As to the fulfilment of Australia’s obligations under the International Covenant on Civil and Political Rights, the UN Human Rights Committee has expressed its acute frustration that its recommendations have been routinely ignored. So, for example, Australia has given insufficient consideration to the necessity to protect fundamental human rights when drafting counter-terrorism legislation. It has not legislated comprehensively to protect the right to equality and non-discrimination. It has not enacted legislation to outlaw hate speech. It has done nothing to redress the alarmingly high rates of indigenous incarceration. It has been reticent in dealing with brutality in youth detention facilities.
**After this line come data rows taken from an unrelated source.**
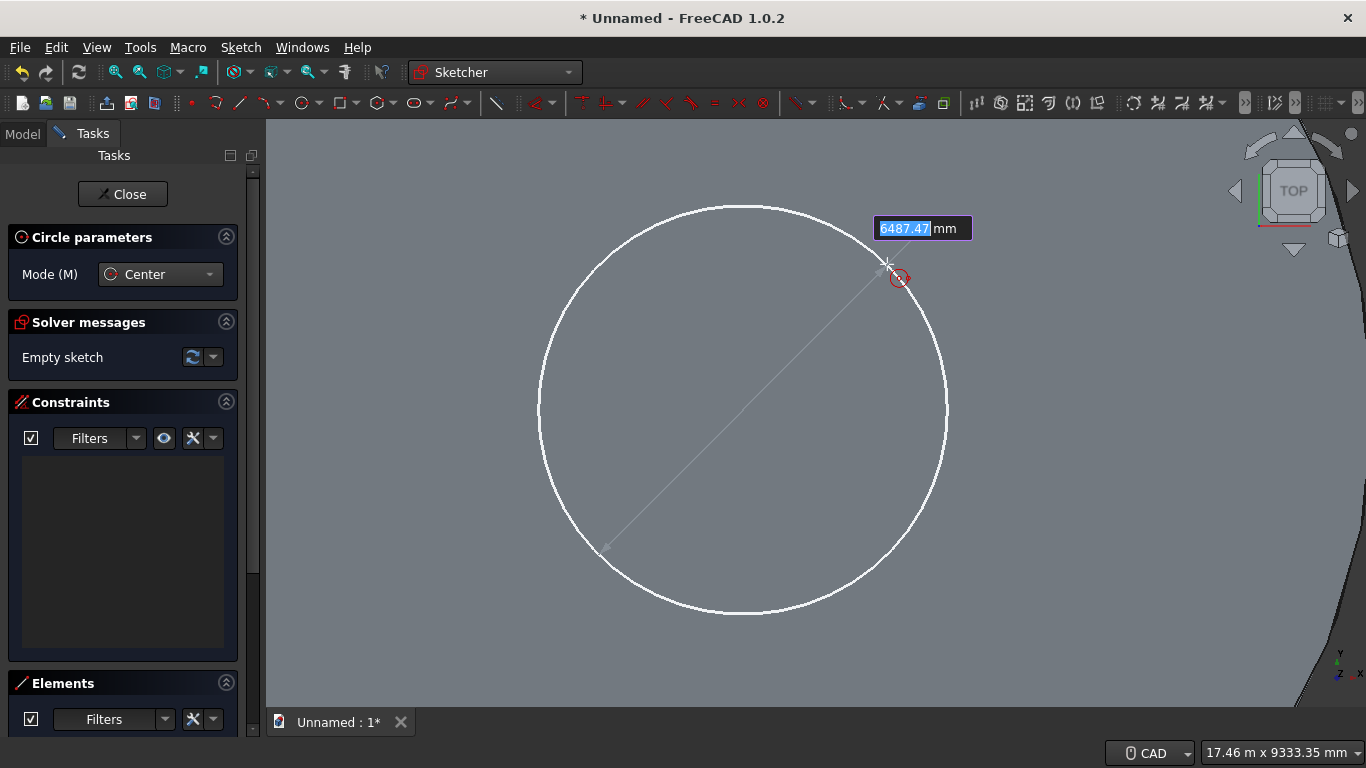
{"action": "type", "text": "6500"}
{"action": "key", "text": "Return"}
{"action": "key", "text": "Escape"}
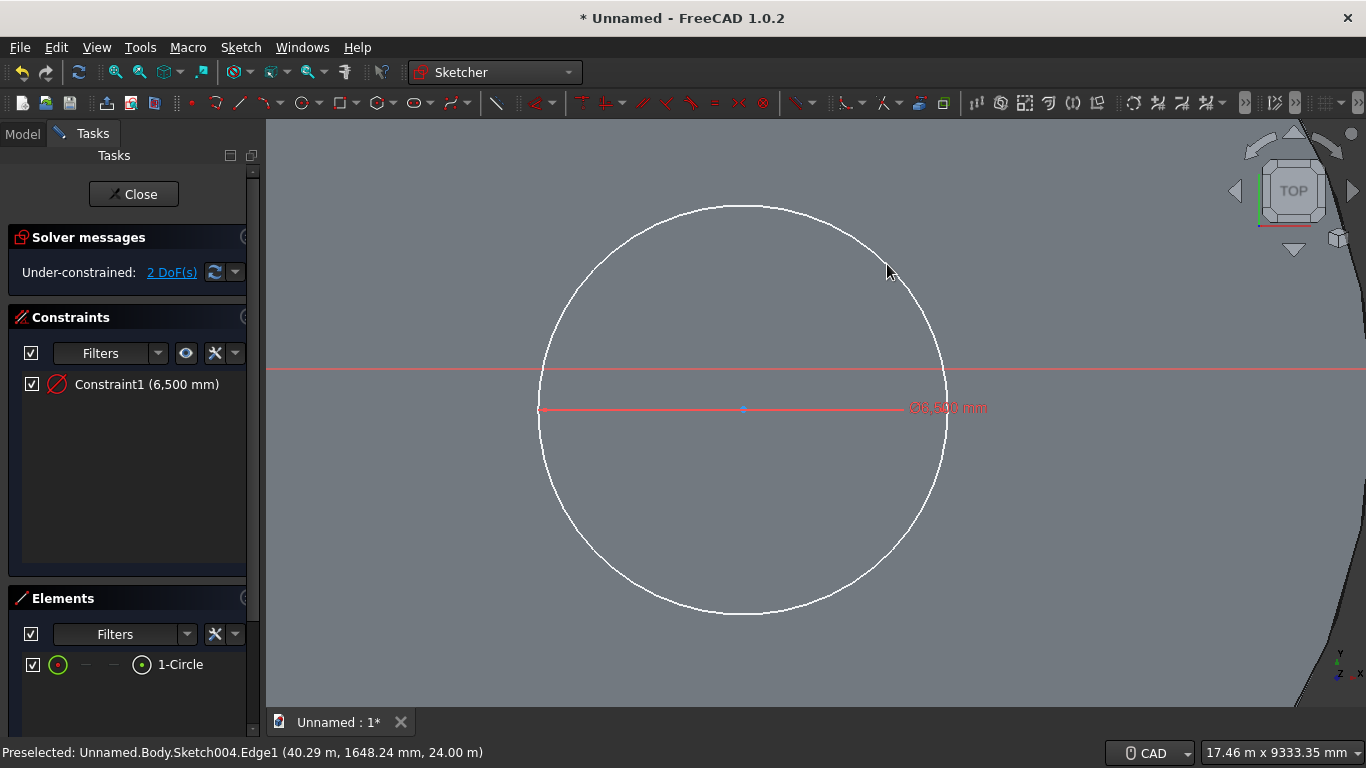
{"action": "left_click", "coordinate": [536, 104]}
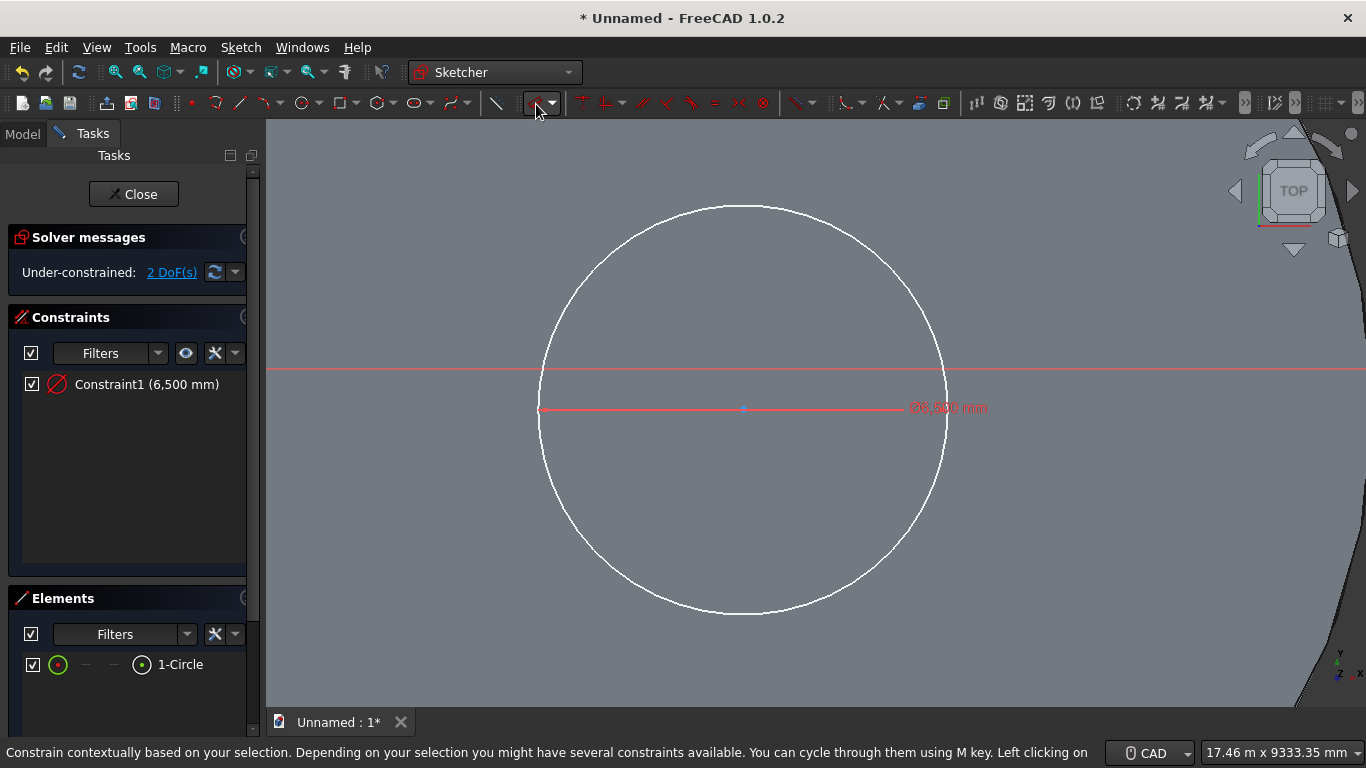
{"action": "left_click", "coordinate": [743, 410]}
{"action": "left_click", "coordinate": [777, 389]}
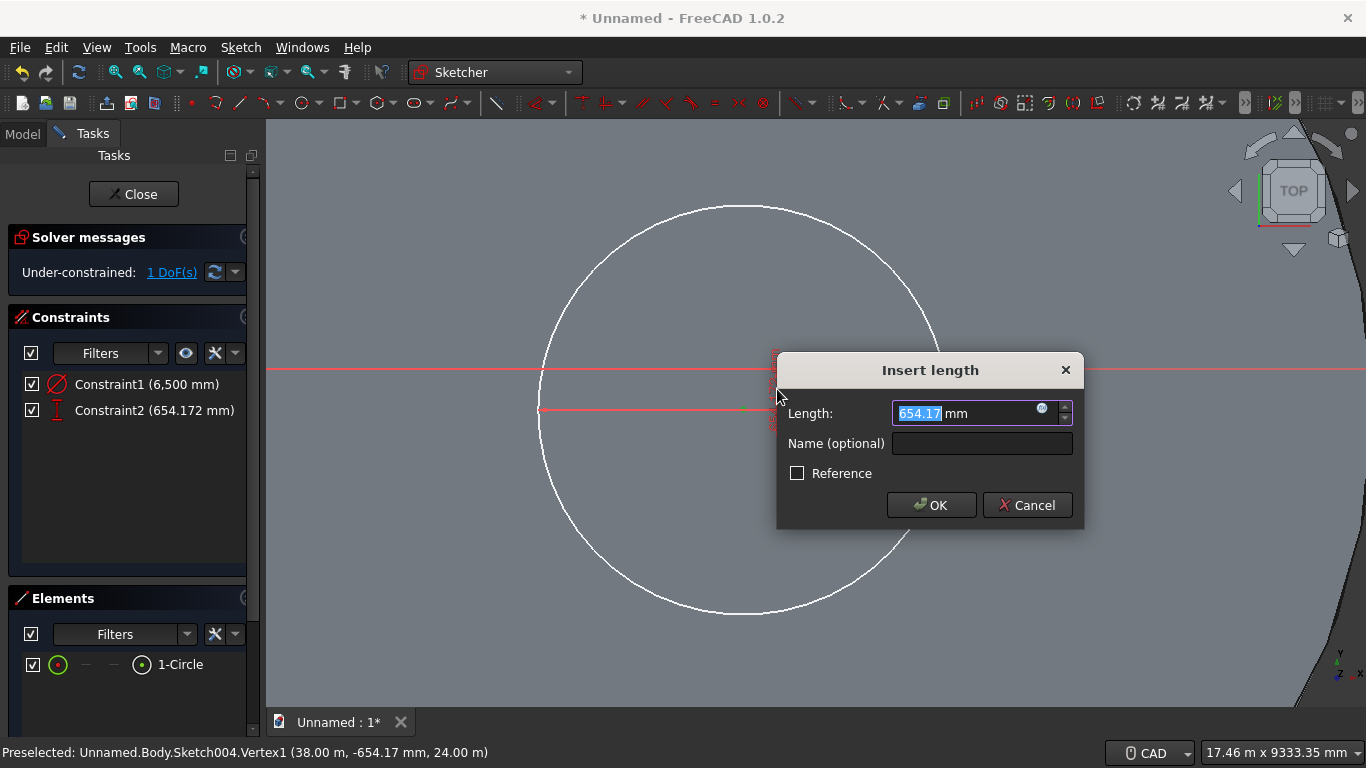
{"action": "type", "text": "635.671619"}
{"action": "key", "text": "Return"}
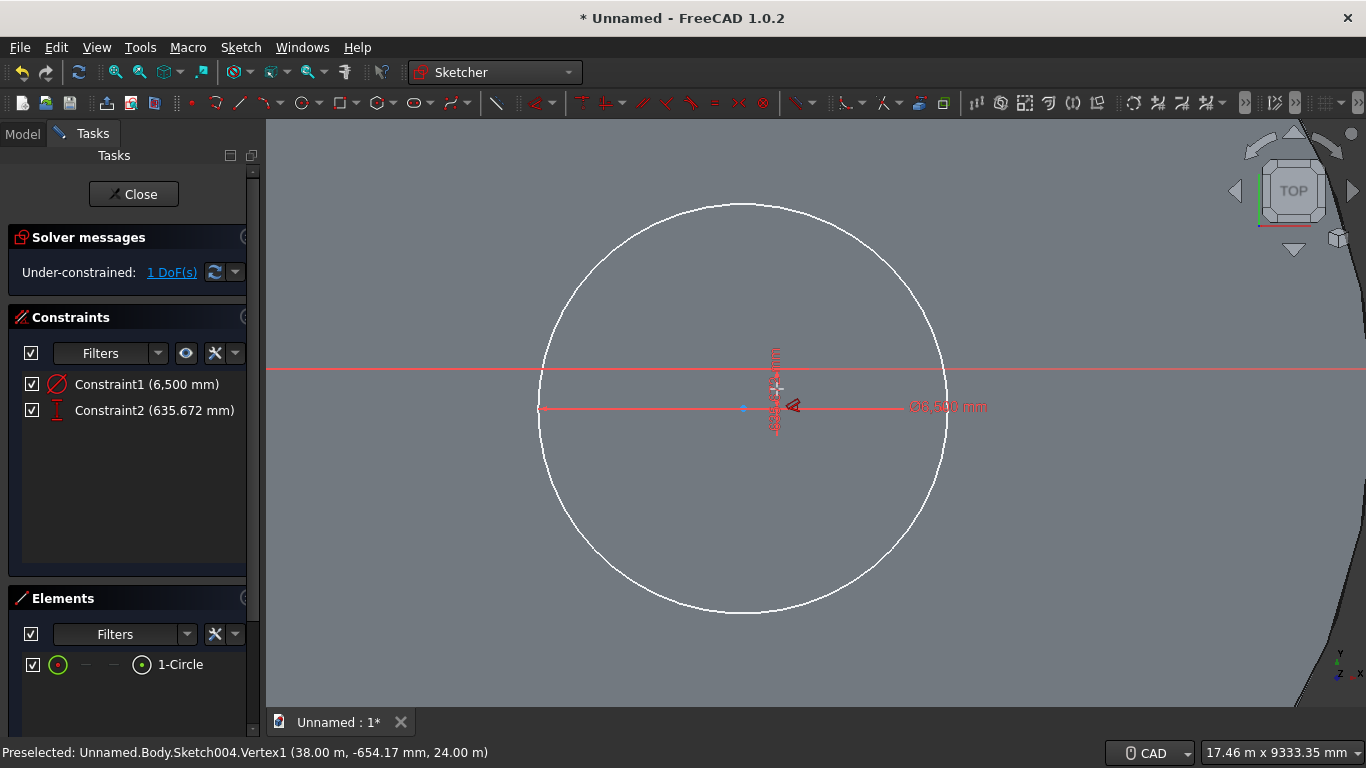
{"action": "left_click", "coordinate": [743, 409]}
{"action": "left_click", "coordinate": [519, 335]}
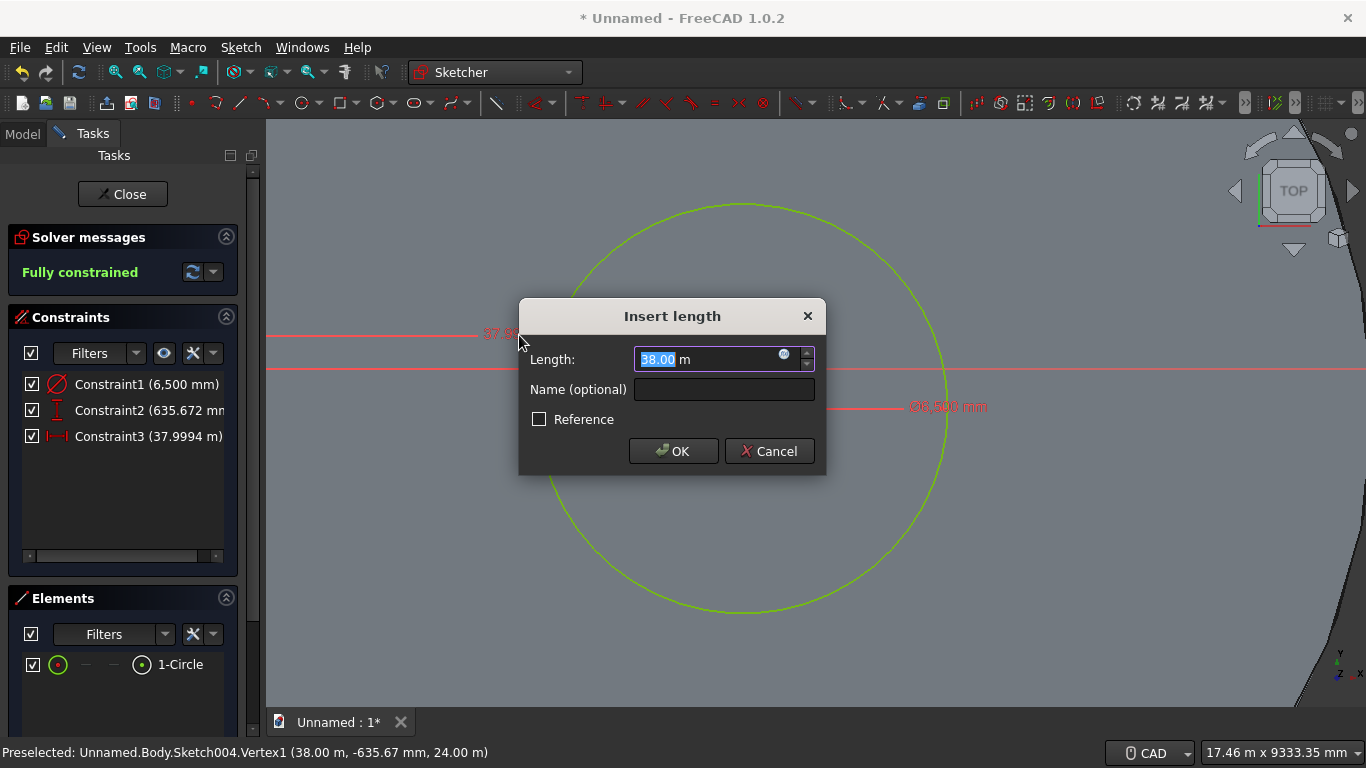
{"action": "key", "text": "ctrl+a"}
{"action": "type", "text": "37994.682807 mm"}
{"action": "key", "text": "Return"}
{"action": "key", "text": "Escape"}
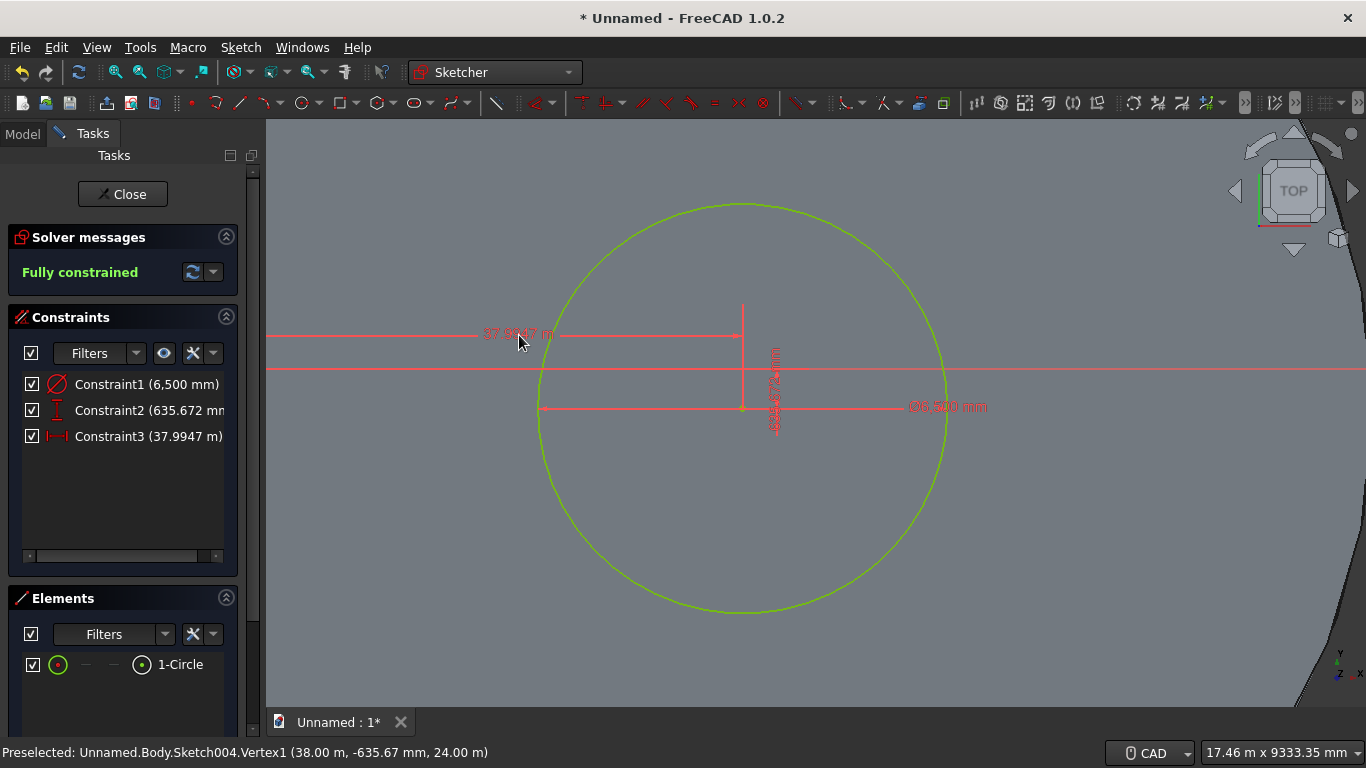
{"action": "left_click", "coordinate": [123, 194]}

Australia remains alone among Western countries in having neither a constitutional nor statutory Bill of Rights.
It would have been good if we could have greeted Australia’s ascension to membership of the UN Human Rights Council with a measure of optimism as to its future contribution to the protection of civil and political rights internationally. Instead, we shall have to hope that during its term Australia’s government will become more sensitised to and educated about the necessity to observe international human rights norms than its current heedlessness at home so clearly undermines.
Spencer Zifcak is Allan Myers Professor of Law at Australian Catholic University. He is the former President of Liberty Victoria.